What you have to do:
As an exercise in exact copying, transcribe the lines below from the one holding "Metres and whole" through the last, with both ends included and pictures left out.

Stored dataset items

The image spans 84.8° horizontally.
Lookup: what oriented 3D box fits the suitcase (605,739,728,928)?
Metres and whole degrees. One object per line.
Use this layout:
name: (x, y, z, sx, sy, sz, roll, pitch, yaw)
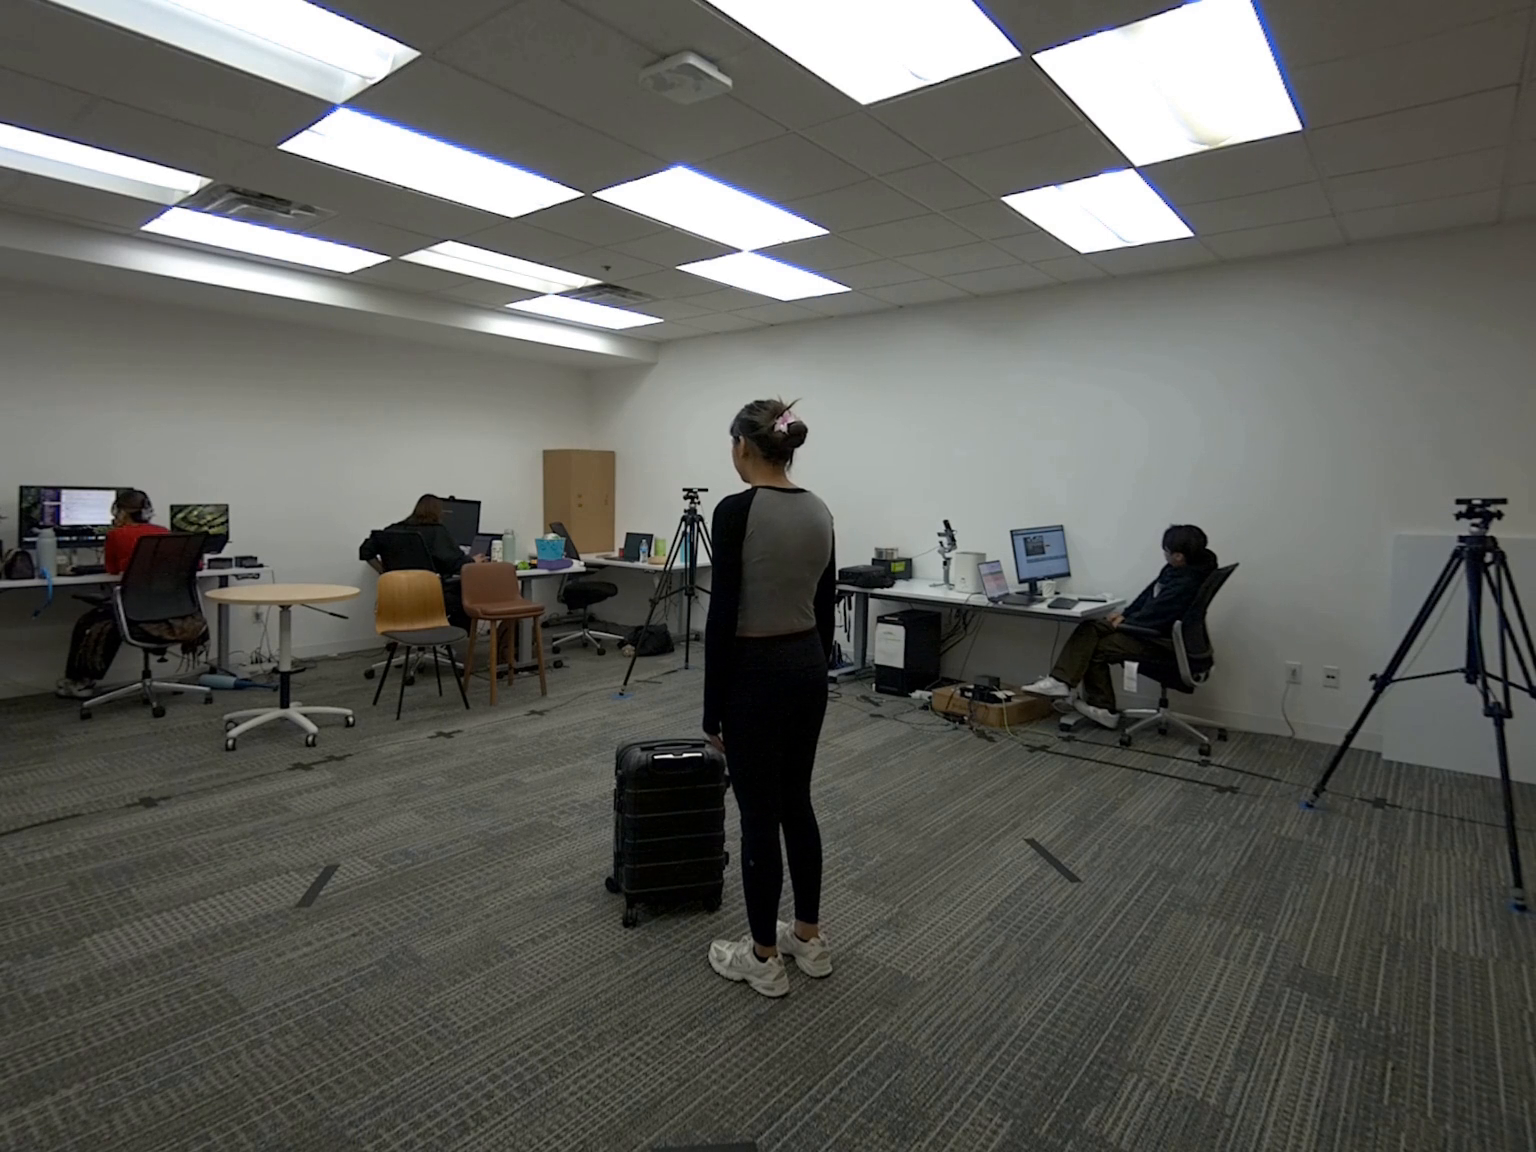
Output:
suitcase: (-0.348, 0.814, 2.850, 0.369, 0.548, 0.253, 0, 3, -17)

Answer section:
Metres and whole degrees. One object per line.
Use this layout:
name: (x, y, z, sx, sy, sz, roll, pitch, yaw)
Output:
suitcase: (-0.348, 0.814, 2.850, 0.369, 0.548, 0.253, 0, 3, -17)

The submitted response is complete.